The person who was pointed on the last turn did not make any actions.

The problem was, Vasya's drunk too much juice and can't remember the goal of the game. However, Vasya's got the recorded sequence of all the participants' actions (including himself). Now Vasya wants to find out the maximum amount of juice he could drink if he played optimally well (the other players' actions do not change). Help him.

You can assume that in any scenario, there is enough juice for everybody.

Input
The first line contains a single integer n (4≤n≤2000) — the number of participants in the game. The second line describes the actual game: the i-th character of this line equals 'a', if the participant who moved i-th pointed at the next person with his elbow, and 'b', if the participant pointed with a nod. The game continued for at least 1 and at most 2000 turns.

Output
Print a single integer — the number of glasses of juice Vasya could have drunk if he had played optimally well.

Sample test(s)
Input
4
abbba
Output
1
Input
4
abbab
Output
0
Note
In both samples Vasya has got two turns — 1 and 5. In the first sample, Vasya could have drunk a glass of juice during the fifth turn if he had pointed at the next person with a nod.

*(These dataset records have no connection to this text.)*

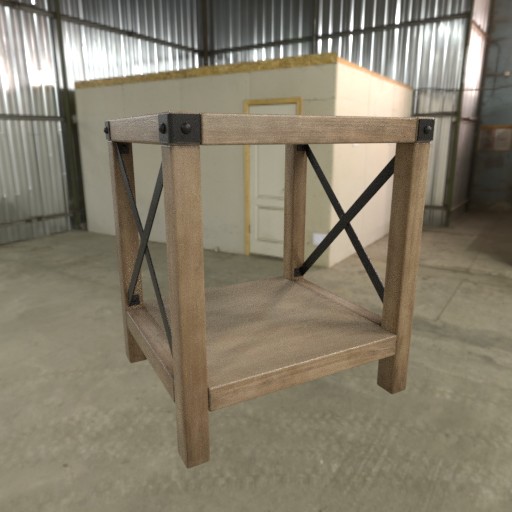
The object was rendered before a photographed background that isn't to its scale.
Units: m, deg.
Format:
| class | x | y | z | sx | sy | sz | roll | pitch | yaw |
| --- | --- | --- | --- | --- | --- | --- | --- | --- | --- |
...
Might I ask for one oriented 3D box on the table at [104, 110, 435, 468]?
| class | x | y | z | sx | sy | sz | roll | pitch | yaw |
| --- | --- | --- | --- | --- | --- | --- | --- | --- | --- |
| table | 0.000 | 0.000 | 0.945 | 0.510 | 0.561 | 0.459 | -8 | 17 | -27 |
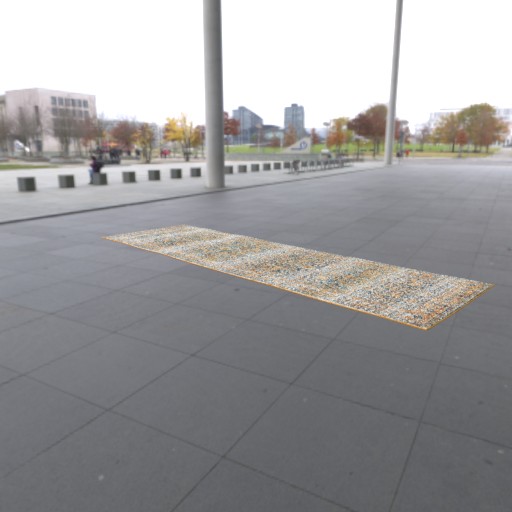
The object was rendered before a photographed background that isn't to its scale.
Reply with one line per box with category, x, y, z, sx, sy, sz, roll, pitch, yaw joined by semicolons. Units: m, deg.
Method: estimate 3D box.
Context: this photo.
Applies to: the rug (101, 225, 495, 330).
rug;0.000;0.000;2.506;2.294;0.014;0.704;13;19;43
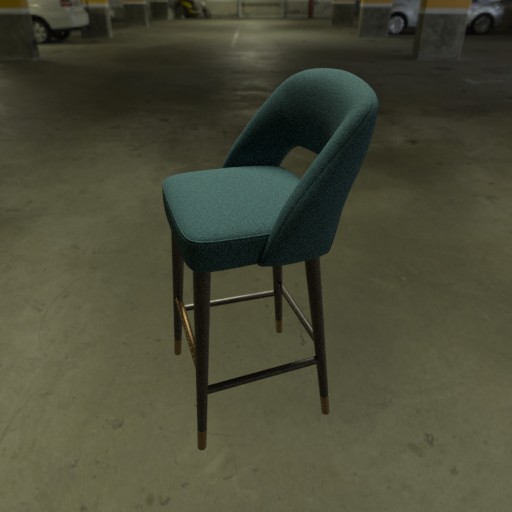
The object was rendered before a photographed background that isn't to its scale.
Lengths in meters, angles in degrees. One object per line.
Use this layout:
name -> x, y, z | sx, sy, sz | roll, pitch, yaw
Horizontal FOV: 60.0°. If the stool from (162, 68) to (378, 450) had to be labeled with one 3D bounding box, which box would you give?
stool -> 0.000, 0.000, 1.351 | 0.522, 1.032, 0.536 | -10, 32, -16
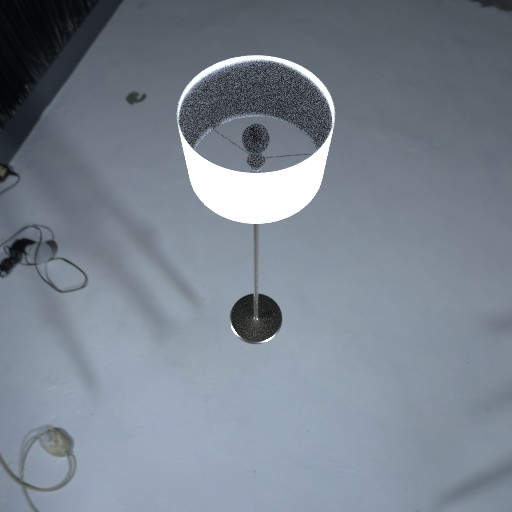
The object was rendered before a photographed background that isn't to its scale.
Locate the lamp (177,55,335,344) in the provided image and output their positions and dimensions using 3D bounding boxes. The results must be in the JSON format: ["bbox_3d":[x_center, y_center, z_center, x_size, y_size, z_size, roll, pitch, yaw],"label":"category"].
[{"bbox_3d":[0.000,0.000,1.621,0.347,1.443,0.347,15,64,7],"label":"lamp"}]
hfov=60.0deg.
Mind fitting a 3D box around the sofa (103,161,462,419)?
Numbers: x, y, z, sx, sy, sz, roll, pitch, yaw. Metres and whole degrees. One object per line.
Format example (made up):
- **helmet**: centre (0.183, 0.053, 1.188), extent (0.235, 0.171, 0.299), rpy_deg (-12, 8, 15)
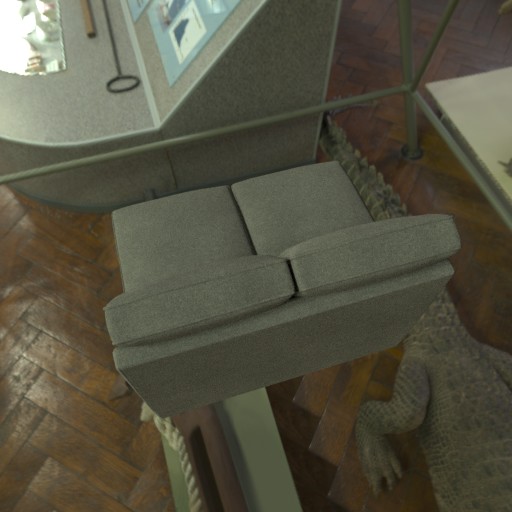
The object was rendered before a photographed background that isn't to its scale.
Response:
- **sofa**: centre (0.000, 0.000, 2.014), extent (1.237, 1.008, 0.951), rpy_deg (-15, 59, -9)
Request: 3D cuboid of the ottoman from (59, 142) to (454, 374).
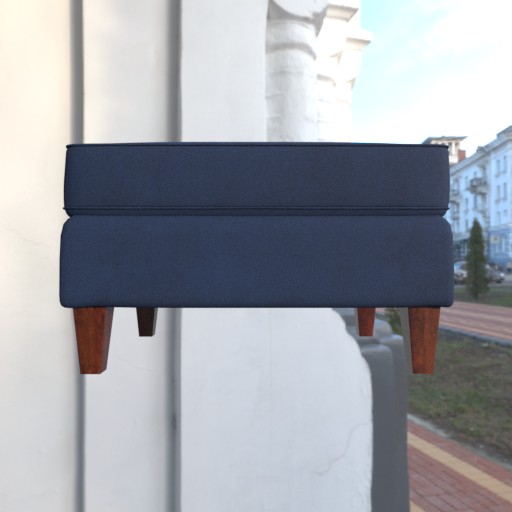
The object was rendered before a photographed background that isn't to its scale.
[{"bbox_3d":[0.000,0.000,1.380,0.965,0.584,0.686,0,-1,0],"label":"ottoman"}]
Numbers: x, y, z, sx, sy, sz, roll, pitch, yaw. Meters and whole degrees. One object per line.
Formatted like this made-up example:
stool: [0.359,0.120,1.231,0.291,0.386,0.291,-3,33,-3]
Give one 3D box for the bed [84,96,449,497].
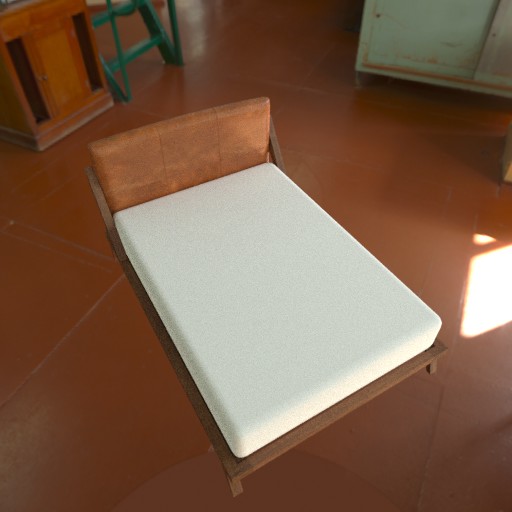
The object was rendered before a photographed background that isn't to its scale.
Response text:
bed: [0.000,0.000,3.179,1.651,1.168,2.311,-22,49,-21]
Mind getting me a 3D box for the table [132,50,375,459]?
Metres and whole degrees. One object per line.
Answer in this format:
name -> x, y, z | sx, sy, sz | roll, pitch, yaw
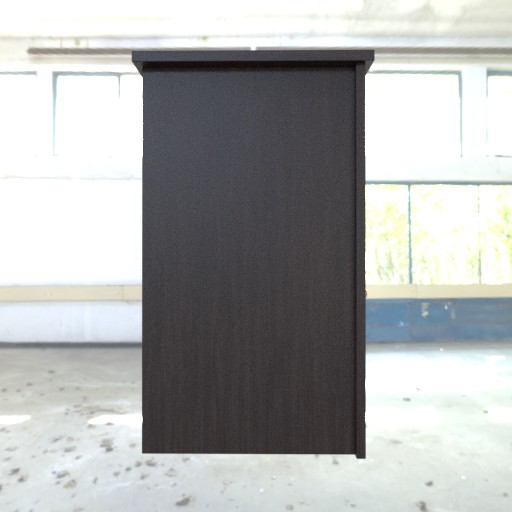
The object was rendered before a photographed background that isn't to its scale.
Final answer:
table -> 0.000, 0.000, 0.924 | 0.381, 0.635, 0.480 | 0, 0, 1
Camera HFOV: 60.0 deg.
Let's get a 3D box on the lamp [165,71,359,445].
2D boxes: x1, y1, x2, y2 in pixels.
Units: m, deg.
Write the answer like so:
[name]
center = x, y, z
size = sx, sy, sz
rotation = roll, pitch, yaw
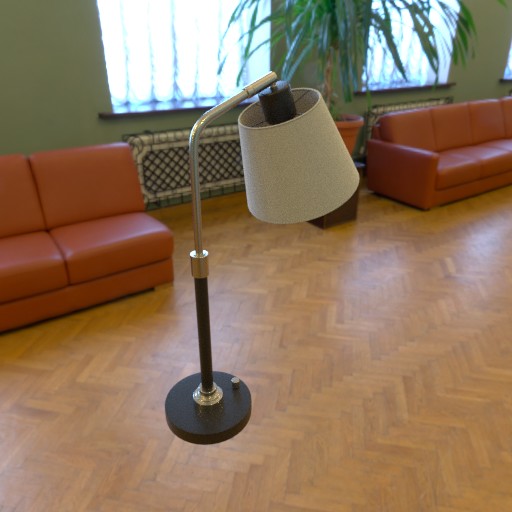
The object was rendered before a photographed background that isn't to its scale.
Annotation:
[lamp]
center = 0.000, 0.000, 0.702
size = 0.348, 0.539, 0.181
rotation = -17, 31, -31
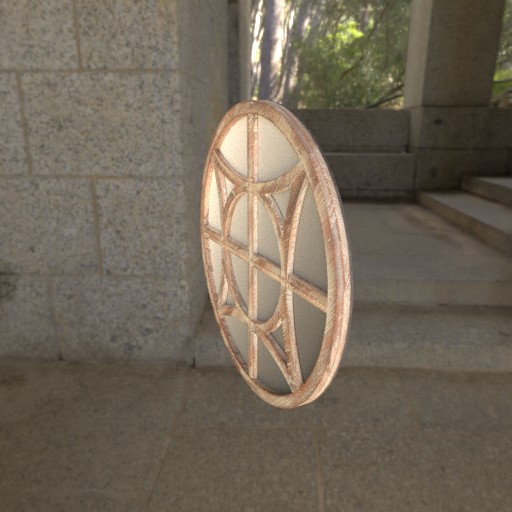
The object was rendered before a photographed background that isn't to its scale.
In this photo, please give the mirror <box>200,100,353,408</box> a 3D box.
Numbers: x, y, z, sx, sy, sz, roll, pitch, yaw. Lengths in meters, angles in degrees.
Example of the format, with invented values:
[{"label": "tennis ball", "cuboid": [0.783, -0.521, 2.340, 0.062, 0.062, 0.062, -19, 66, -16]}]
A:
[{"label": "mirror", "cuboid": [0.000, 0.000, 1.071, 0.038, 0.710, 0.710, -8, 18, -25]}]
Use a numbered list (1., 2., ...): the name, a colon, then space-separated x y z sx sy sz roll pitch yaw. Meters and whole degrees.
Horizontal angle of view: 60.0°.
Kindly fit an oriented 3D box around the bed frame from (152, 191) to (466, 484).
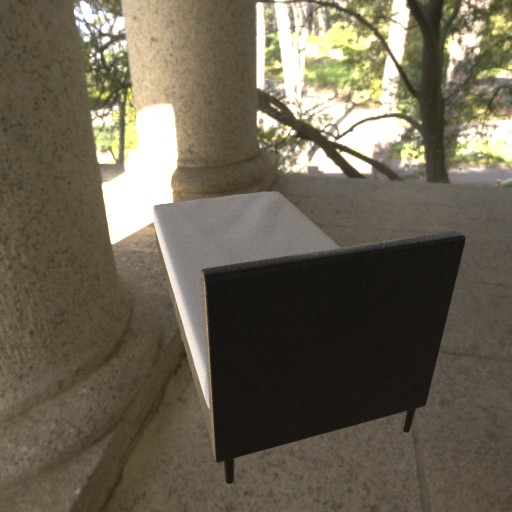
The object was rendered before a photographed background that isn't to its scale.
1. bed frame: 0.000 0.000 2.525 1.038 1.046 2.152 -8 29 -16
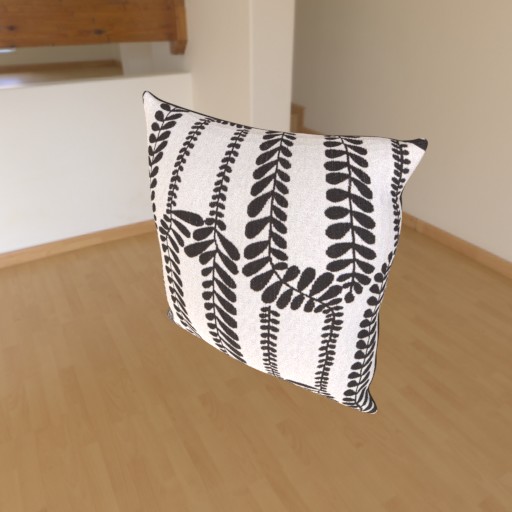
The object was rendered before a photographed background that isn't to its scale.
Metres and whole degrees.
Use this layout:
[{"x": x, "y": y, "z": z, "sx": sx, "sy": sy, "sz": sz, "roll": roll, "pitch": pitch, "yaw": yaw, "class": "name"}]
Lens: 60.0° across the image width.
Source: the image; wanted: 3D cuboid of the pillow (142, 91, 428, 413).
[{"x": 0.000, "y": 0.000, "z": 0.678, "sx": 0.440, "sy": 0.441, "sz": 0.182, "roll": 19, "pitch": 35, "yaw": 29, "class": "pillow"}]
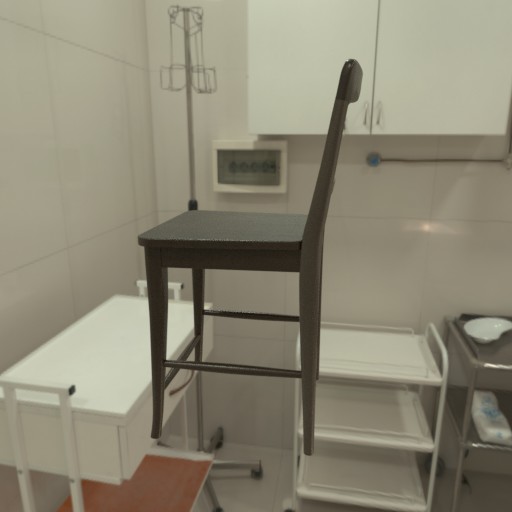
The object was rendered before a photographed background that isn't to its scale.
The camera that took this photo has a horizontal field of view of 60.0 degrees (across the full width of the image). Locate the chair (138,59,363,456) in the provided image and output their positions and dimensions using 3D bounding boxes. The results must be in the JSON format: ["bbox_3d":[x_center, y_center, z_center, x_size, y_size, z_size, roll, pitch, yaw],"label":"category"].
[{"bbox_3d":[0.000,0.000,1.291,0.546,0.991,0.450,3,15,10],"label":"chair"}]
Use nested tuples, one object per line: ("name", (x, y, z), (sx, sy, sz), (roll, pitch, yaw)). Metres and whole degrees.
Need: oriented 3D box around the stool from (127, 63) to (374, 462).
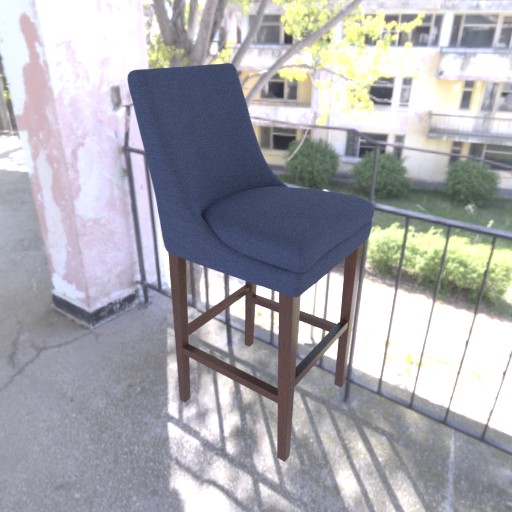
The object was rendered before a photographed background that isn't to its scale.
("stool", (0.000, 0.000, 1.386), (0.577, 1.078, 0.470), (18, 31, 31))
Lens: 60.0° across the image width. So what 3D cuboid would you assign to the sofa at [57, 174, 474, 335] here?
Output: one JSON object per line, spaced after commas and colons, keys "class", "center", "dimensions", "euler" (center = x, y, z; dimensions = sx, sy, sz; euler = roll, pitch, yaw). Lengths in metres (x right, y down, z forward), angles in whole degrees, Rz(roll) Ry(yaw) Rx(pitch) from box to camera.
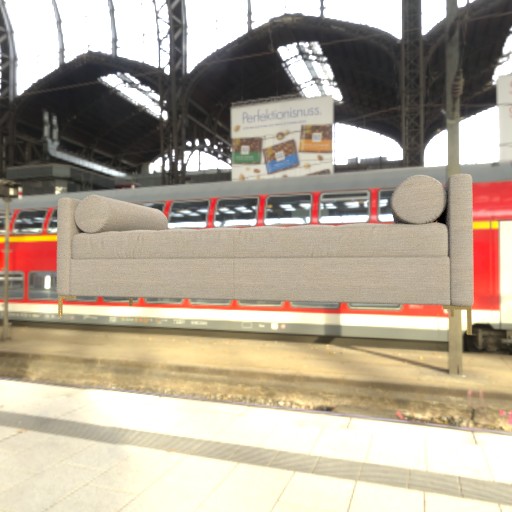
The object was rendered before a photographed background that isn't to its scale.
{"class": "sofa", "center": [0.000, 0.000, 2.329], "dimensions": [1.981, 0.635, 0.686], "euler": [0, -1, 18]}
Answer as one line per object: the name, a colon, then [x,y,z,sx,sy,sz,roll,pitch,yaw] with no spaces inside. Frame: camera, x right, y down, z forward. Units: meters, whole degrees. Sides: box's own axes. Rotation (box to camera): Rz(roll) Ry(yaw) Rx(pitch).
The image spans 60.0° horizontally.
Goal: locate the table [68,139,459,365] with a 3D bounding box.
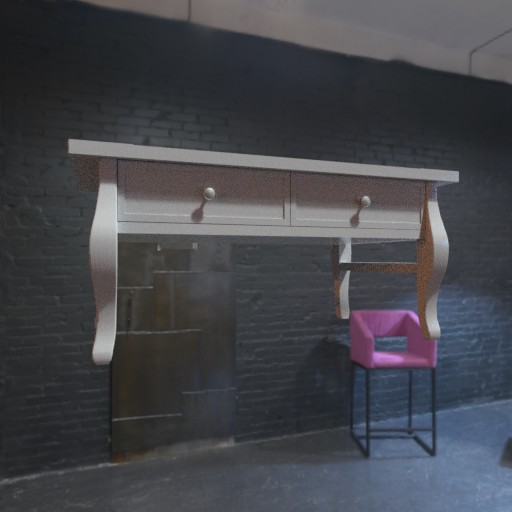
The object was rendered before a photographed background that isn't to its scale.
table: [0.000,0.000,1.402,1.062,0.495,0.600,0,-1,-19]

In this case, the sequence of moves would look like "abbbb". In the second sample Vasya wouldn't drink a single glass of juice as the moves performed during turns 3 and 4 are different.

This question is very simpily.We can just enumerate all the turns for Vasya and check if it meet the conidition.

#include<stdio.h>
#include<string.h>
int N;
char ch[2025];
bool judge(int x)
{
    if (x<3) return false;
    if (ch[x-1]==ch[x-2] && ch[x-2]==ch[x-3]) return true;
    if (N==1) return true;
    if (N==2 && ch[x-1]==ch[x-3]) return true;
    if (N==3 && ch[x-1]==ch[x-2]) return true;
    return false;
}
int main()
{
    int i,Max=0;
    scanf("%d",&N);
    scanf("%s",ch);
    for (i=N;i<strlen(ch);i+=N)
    if (judge(i)) Max++;
    printf("%d\n",Max);
    return 0;
}

B. Maximum Absurdity
time limit per test2 seconds
memory limit per test256 megabytes
inputstandard input
outputstandard output
Reforms continue entering Berland. For example, during yesterday sitting the Berland Parliament approved as much as n laws (each law has been assigned a unique number from 1 to n). Today all these laws were put on the table of the President of Berland, G.W. Boosch, to be signed.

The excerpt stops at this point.